Many-to-Many / intermediate table / bridge table / xref table... help

Many-to-Many / intermediate table / bridge table / xref table... help

Old forum URL: forums.lhotka.net/forums/t/10437.aspx


goroth posted on Tuesday, June 14, 2011

I am having a terrible time trying to find information on how to use CSLA in a cross-reference table scenario.
Basically I am looking for examples on how to select, insert, update, and delete using CSLA in a parent – child setup that are tied together by an XRef table.

Example:
I have a Phone table, Person table, and Company table.
There are two XRef tables PersonPhoneXref and CompanyPhoneXref.
In the current scenario I have Person and Company as Parent objects and Phone as a Child object.
In the Child_Insert, Child_Update, and Child_DeleteSelf I am using reflection to see which Parent (Person or Company) called this child so that I can determine which Xref table to update.

Is there a better way?
I almost wonder if it would be better to create a PersonPhone CSLA and CompanyPhone CSLA object and then inherit from the Phone CSLA object… But I can’t even find good examples on how to do that!
Any help would be much appreciated.

RockfordLhotka replied on Tuesday, June 14, 2011

Please understand that CSLA is not an ORM, and I don't intentionally support object models where the objects look like tables.

Instead, I intentionally support object models where the objects meet the needs of specific user scenarios.

ProjectTracker (current version is in svn or with the Using CSLA 4: ASP.NET MVC ebook) includes a database-level M:M relationship. But that sort of relationship almost never exists in any actual user scenario, so the user scenarios (business objects) demonstrate 1:M relationships.

To put this another way: take the doctor-patient relationship. Your doctor has numerous patients. If you ever have any real illness, you'll have numerous doctors. This is a very obvious M:M relationship at the database level.
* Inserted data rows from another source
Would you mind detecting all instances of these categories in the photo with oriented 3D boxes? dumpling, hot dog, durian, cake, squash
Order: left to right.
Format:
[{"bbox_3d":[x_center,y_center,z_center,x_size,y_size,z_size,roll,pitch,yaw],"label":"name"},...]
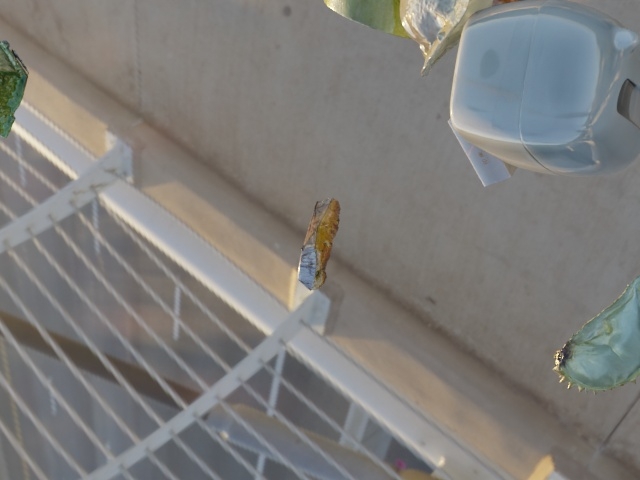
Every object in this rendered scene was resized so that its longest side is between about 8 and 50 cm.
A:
[{"bbox_3d":[-0.474,-0.176,0.948,0.100,0.235,0.099,49,131,31],"label":"cake"},{"bbox_3d":[0.000,0.000,1.875,0.069,0.252,0.131,12,137,2],"label":"hot dog"},{"bbox_3d":[0.122,-0.506,1.658,0.237,0.204,0.155,21,114,4],"label":"squash"},{"bbox_3d":[0.215,-0.411,1.490,0.175,0.243,0.227,23,100,22],"label":"dumpling"},{"bbox_3d":[0.523,0.164,1.471,0.139,0.144,0.252,38,117,-21],"label":"durian"}]

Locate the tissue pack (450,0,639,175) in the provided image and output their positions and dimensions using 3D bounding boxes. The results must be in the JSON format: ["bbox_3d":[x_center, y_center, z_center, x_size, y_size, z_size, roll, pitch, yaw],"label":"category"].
[{"bbox_3d":[0.360,-0.213,1.203,0.236,0.333,0.229,11,92,35],"label":"tissue pack"}]

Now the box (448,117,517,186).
[{"bbox_3d":[0.347,-0.228,1.584,0.067,0.233,0.149,-15,112,41],"label":"box"}]

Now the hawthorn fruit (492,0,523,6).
[{"bbox_3d":[0.365,-0.585,1.820,0.210,0.210,0.262,32,160,28],"label":"hawthorn fruit"}]
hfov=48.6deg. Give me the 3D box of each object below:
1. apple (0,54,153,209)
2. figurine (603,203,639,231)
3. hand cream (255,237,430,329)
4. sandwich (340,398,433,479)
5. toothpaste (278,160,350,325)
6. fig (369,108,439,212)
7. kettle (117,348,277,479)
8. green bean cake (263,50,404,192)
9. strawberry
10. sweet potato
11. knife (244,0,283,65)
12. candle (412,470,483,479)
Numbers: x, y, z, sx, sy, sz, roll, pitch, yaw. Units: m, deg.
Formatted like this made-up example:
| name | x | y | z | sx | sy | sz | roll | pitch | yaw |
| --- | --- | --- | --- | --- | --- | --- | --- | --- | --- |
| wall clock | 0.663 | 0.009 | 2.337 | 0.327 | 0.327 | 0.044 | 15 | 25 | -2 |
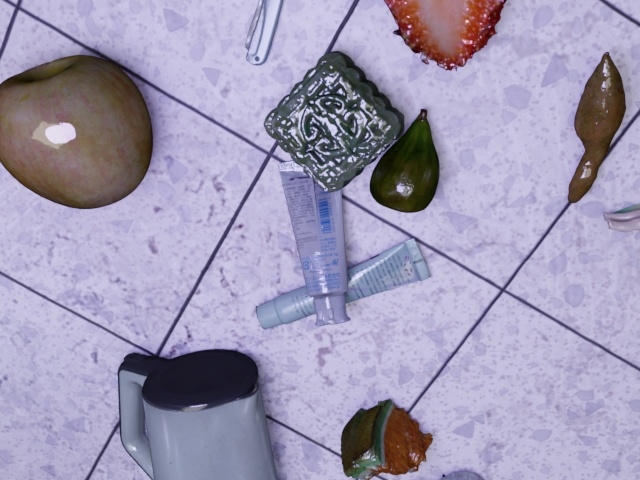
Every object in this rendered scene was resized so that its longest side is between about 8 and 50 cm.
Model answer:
| name | x | y | z | sx | sy | sz | roll | pitch | yaw |
| --- | --- | --- | --- | --- | --- | --- | --- | --- | --- |
| apple | -0.404 | -0.174 | 1.166 | 0.256 | 0.257 | 0.234 | -6 | 125 | 8 |
| figurine | 0.581 | -0.025 | 1.222 | 0.187 | 0.083 | 0.083 | 2 | 112 | -2 |
| hand cream | 0.036 | 0.092 | 1.327 | 0.331 | 0.058 | 0.085 | -21 | 106 | 13 |
| sandwich | 0.125 | 0.409 | 1.380 | 0.160 | 0.185 | 0.109 | 40 | 118 | -6 |
| toothpaste | 0.000 | 0.000 | 1.269 | 0.114 | 0.073 | 0.299 | -8 | 89 | 9 |
| fig | 0.159 | -0.133 | 1.212 | 0.117 | 0.117 | 0.177 | 23 | 90 | -3 |
| kettle | -0.255 | 0.417 | 1.419 | 0.361 | 0.250 | 0.377 | 8 | 113 | 34 |
| green bean cake | 0.024 | -0.194 | 1.184 | 0.183 | 0.094 | 0.185 | -42 | 94 | 19 |
| strawberry | 0.186 | -0.428 | 1.088 | 0.233 | 0.138 | 0.306 | 18 | 140 | 19 |
| sweet potato | 0.455 | -0.184 | 1.169 | 0.074 | 0.075 | 0.269 | 4 | 123 | 5 |
| knife | -0.091 | -0.370 | 1.177 | 0.044 | 0.023 | 0.162 | 20 | 113 | 2 |
| candle | 0.269 | 0.574 | 1.490 | 0.192 | 0.068 | 0.168 | -22 | 109 | 18 |
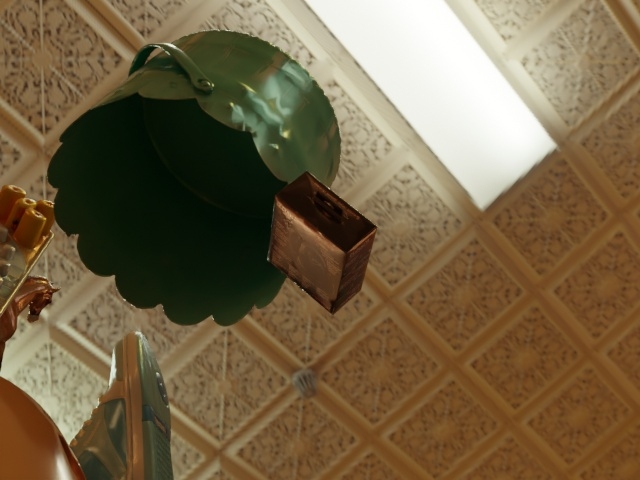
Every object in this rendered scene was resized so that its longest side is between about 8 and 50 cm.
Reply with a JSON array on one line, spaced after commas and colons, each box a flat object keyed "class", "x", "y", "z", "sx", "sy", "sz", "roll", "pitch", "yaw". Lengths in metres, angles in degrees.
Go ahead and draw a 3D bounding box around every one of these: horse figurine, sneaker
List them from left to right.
[{"class": "horse figurine", "x": -0.446, "y": 0.091, "z": 1.266, "sx": 0.263, "sy": 0.066, "sz": 0.174, "roll": 32, "pitch": -94, "yaw": -45}, {"class": "sneaker", "x": -0.313, "y": 0.275, "z": 1.428, "sx": 0.208, "sy": 0.319, "sz": 0.127, "roll": -15, "pitch": -41, "yaw": 4}]

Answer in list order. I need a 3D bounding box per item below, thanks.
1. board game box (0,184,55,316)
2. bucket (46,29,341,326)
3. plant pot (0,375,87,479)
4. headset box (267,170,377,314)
[{"class": "board game box", "x": -0.481, "y": -0.039, "z": 1.042, "sx": 0.390, "sy": 0.390, "sz": 0.050, "roll": 26, "pitch": -73, "yaw": -9}, {"class": "bucket", "x": -0.119, "y": -0.071, "z": 1.084, "sx": 0.281, "sy": 0.183, "sz": 0.281, "roll": 11, "pitch": -52, "yaw": 15}, {"class": "plant pot", "x": -0.210, "y": 0.184, "z": 0.477, "sx": 0.291, "sy": 0.203, "sz": 0.291, "roll": -8, "pitch": -54, "yaw": -11}, {"class": "headset box", "x": 0.000, "y": 0.000, "z": 0.681, "sx": 0.032, "sy": 0.062, "sz": 0.083, "roll": -40, "pitch": -22, "yaw": -30}]

But I ask you: in what user scenario does a user interact with the M:M data?

Hopefully you see what I'm saying. It is critical to understand that good object design almost never looks exactly like the database design. The database M:M relationship is the most obvious and clear example of this basic truth, because the object models using that data are almost never M:M. Actually, in my experience, I have yet to build an M:M object model for a real application - users just don't think that way.